Let’s start by clarifying a common misconception: Roth IRAs are not investments. Instead, it’s an investment vehicle or account that allows you to hold investments within it. Think of the Roth IRA as a car that drives you toward “Tax-Free Land. ” Your investments will be your passengers — stocks, bonds, ETFs, and more. Your goal?.

Should you invest in a Roth IRA or a mutual fund?

While these are “safe,” they don’t take advantage of Roth IRAs’ tax-free growth. On the other hand, an online broker like Fidelity Investments or M1 Finance offers various investments, including stocks, ETFs, and mutual funds. This is the place to go if you’re looking to invest in long-term, high-growth companies.

What investments should not be kept in a Roth IRA?

You should avoid keeping investments that are extremely conservative or extremely risky in your Roth IRA. Cash, certificates of deposit and tax-free municipal bonds can be an important part of your portfolio, but they should not be kept in your Roth IRA.

Should you invest in a Roth IRA or a taxable account?

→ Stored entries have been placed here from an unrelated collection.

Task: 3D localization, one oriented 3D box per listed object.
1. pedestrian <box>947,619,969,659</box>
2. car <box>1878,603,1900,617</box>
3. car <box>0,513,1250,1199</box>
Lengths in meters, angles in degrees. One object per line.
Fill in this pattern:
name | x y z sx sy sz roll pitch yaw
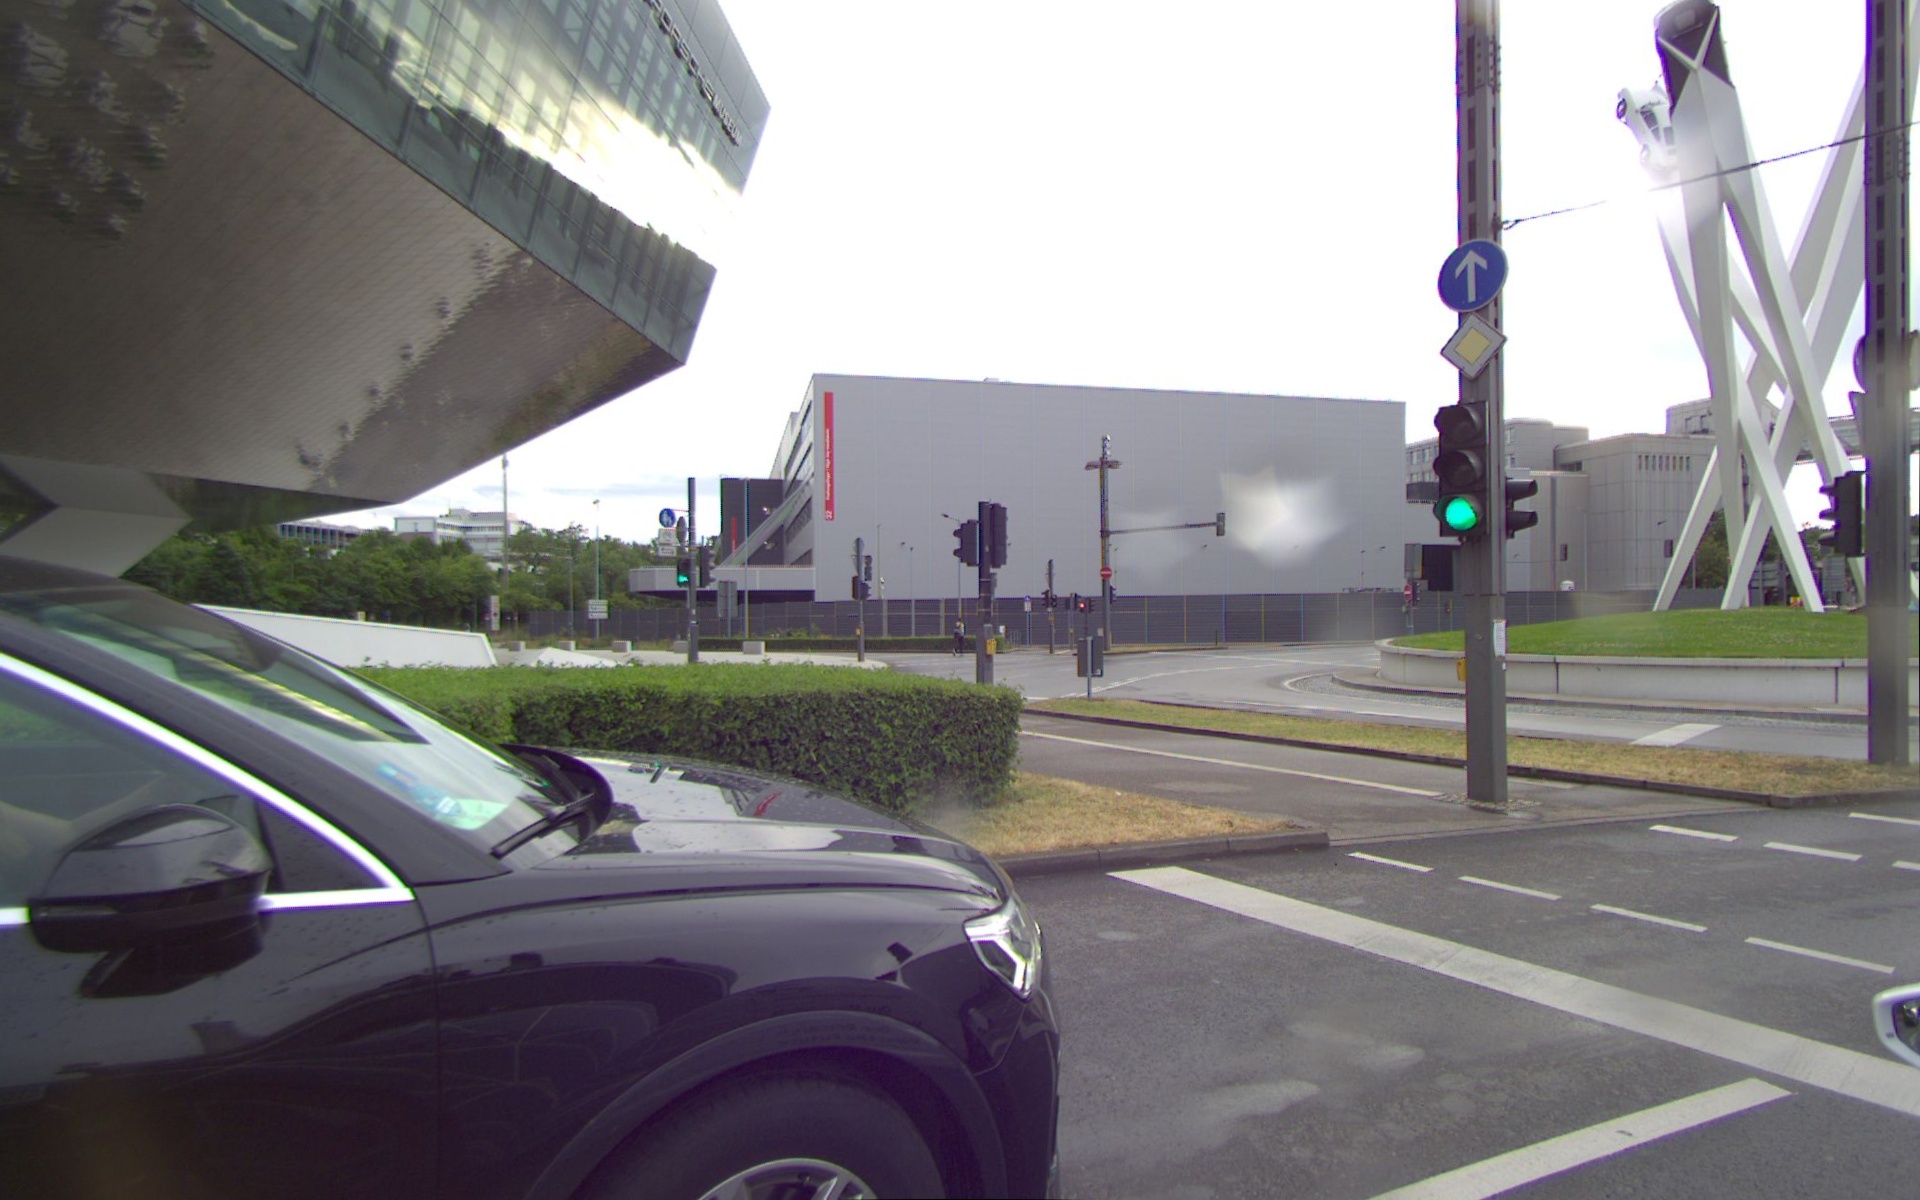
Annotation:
pedestrian | -0.088 1.805 46.875 0.638 1.827 0.851 0 0 35
car | 101.928 1.045 110.201 1.763 1.459 4.370 -1 0 42
car | -1.727 0.659 1.659 4.345 1.538 1.743 2 -1 -31
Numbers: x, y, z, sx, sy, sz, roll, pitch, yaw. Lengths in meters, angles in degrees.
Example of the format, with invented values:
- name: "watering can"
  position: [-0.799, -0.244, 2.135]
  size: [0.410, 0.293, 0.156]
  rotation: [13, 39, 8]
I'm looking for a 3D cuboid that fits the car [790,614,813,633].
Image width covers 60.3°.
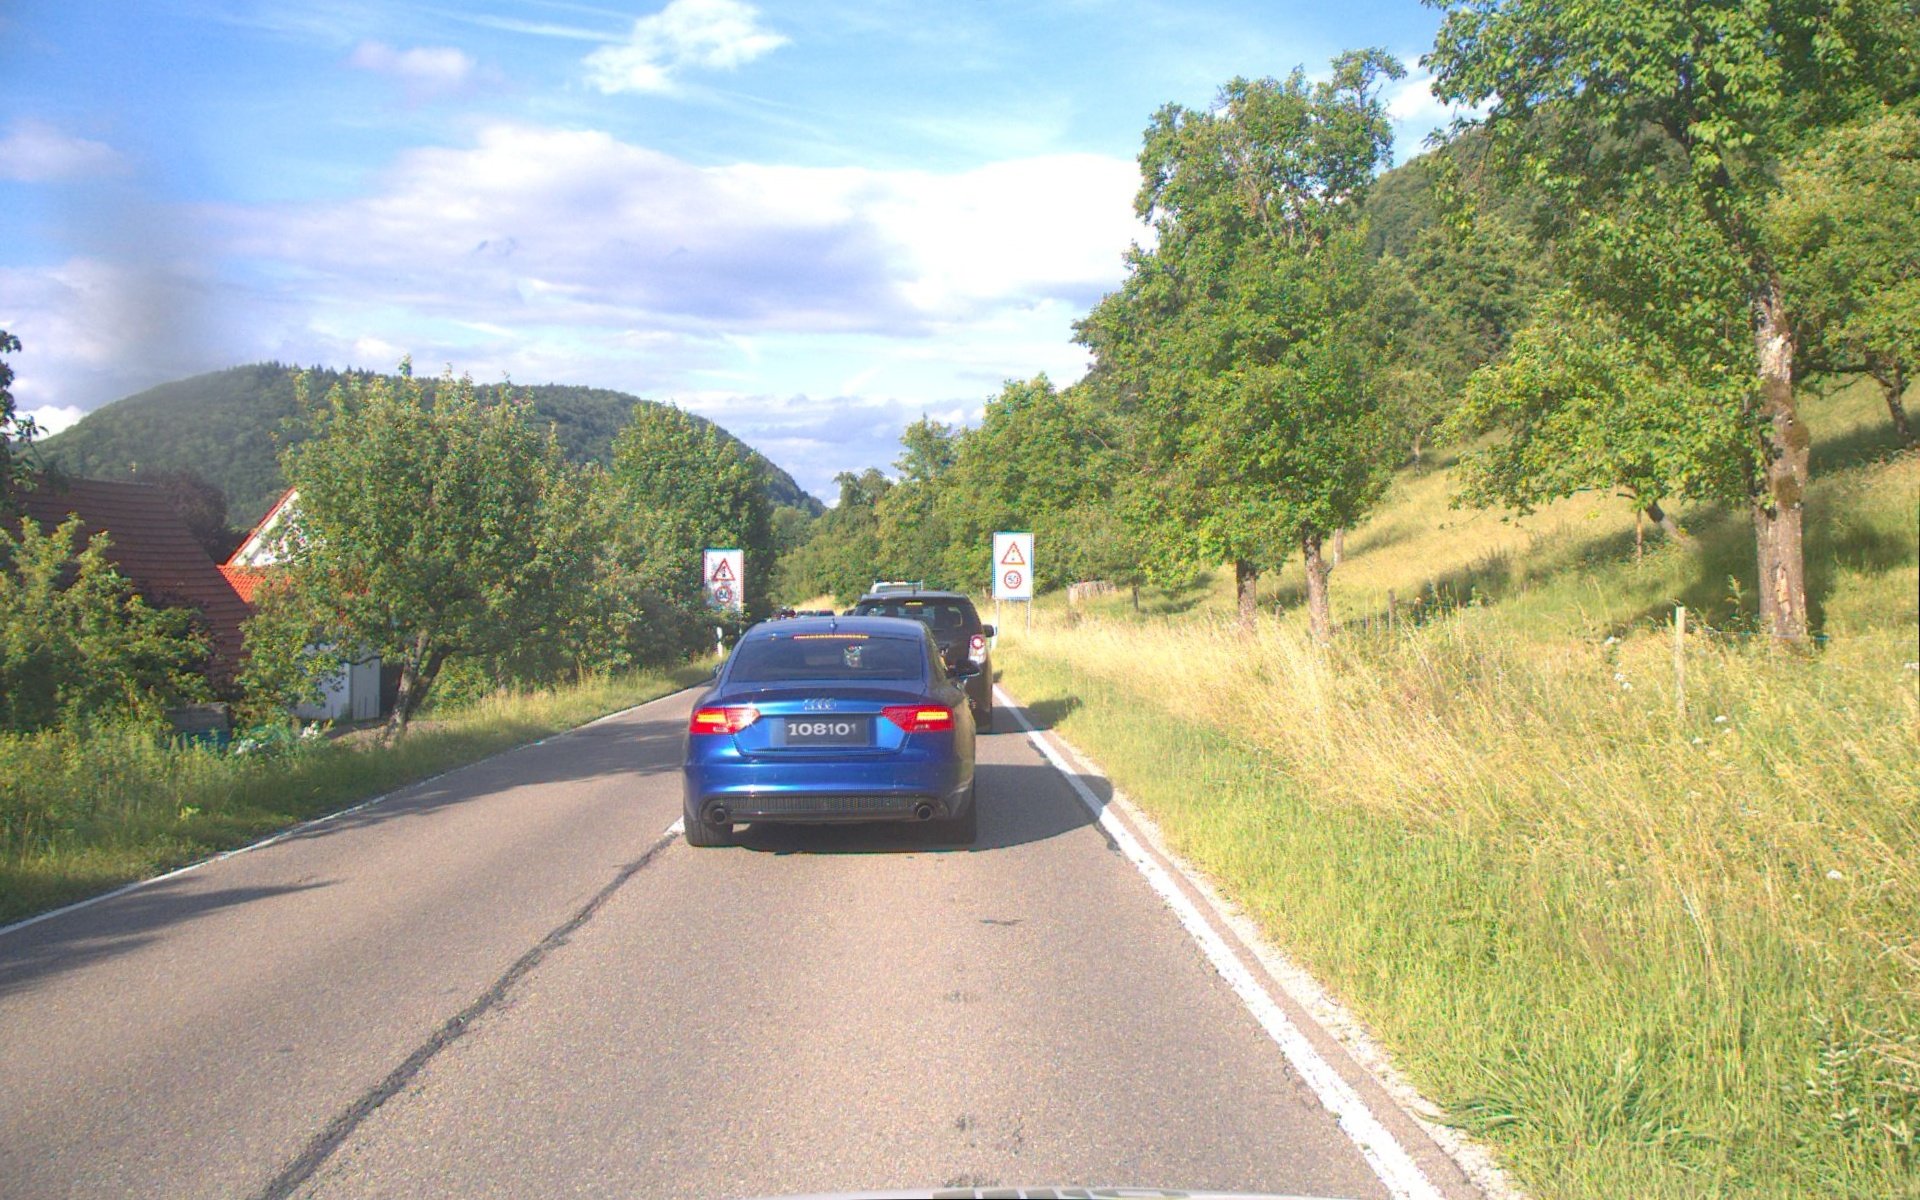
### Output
- name: "car"
  position: [-13.741, 1.997, 143.344]
  size: [1.532, 1.522, 3.766]
  rotation: [2, 0, -13]

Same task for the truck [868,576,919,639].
- name: "truck"
  position: [-2.711, 0.291, 67.753]
  size: [1.911, 2.386, 5.091]
  rotation: [2, 0, -2]

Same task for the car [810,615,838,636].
- name: "car"
  position: [-10.863, 2.012, 131.916]
  size: [1.717, 1.522, 3.767]
  rotation: [2, 0, -12]

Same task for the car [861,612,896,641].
- name: "car"
  position: [-4.714, 1.528, 95.516]
  size: [1.715, 1.522, 3.772]
  rotation: [2, 0, -7]

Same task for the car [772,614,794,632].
- name: "car"
  position: [-16.584, 2.144, 154.819]
  size: [1.532, 1.522, 3.765]
  rotation: [2, 0, -14]

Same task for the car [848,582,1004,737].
- name: "car"
  position: [-0.414, 0.634, 19.789]
  size: [1.658, 1.652, 3.788]
  rotation: [1, 0, -2]

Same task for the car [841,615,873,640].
- name: "car"
  position: [-6.917, 1.832, 111.142]
  size: [1.716, 1.522, 3.769]
  rotation: [2, 0, -10]

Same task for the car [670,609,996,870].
- name: "car"
  position: [-0.731, 0.772, 11.150]
  size: [1.769, 1.406, 4.213]
  rotation: [0, 0, -1]

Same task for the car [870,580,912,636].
- name: "car"
  position: [-3.237, 0.356, 77.251]
  size: [1.757, 2.496, 3.916]
  rotation: [2, 0, -4]

Investing in something that is tax-free is almost always better than investing in something that is taxed. Roth IRAs also offer investors a lot of flexibility, experts say. Guay says that one great thing about the Roth is that you can take out any money you’ve put into it at any time without having to pay taxes or penalties.

Where should I invest my Roth IRA?

S&P 500 index funds One of the best places to begin investing your Roth IRA is with a fund based on the Standard & Poor’s 500 Index. It’s a collection of hundreds of America’s top companies, including many of the names you know and use every day (Amazon, Apple and Microsoft, for example).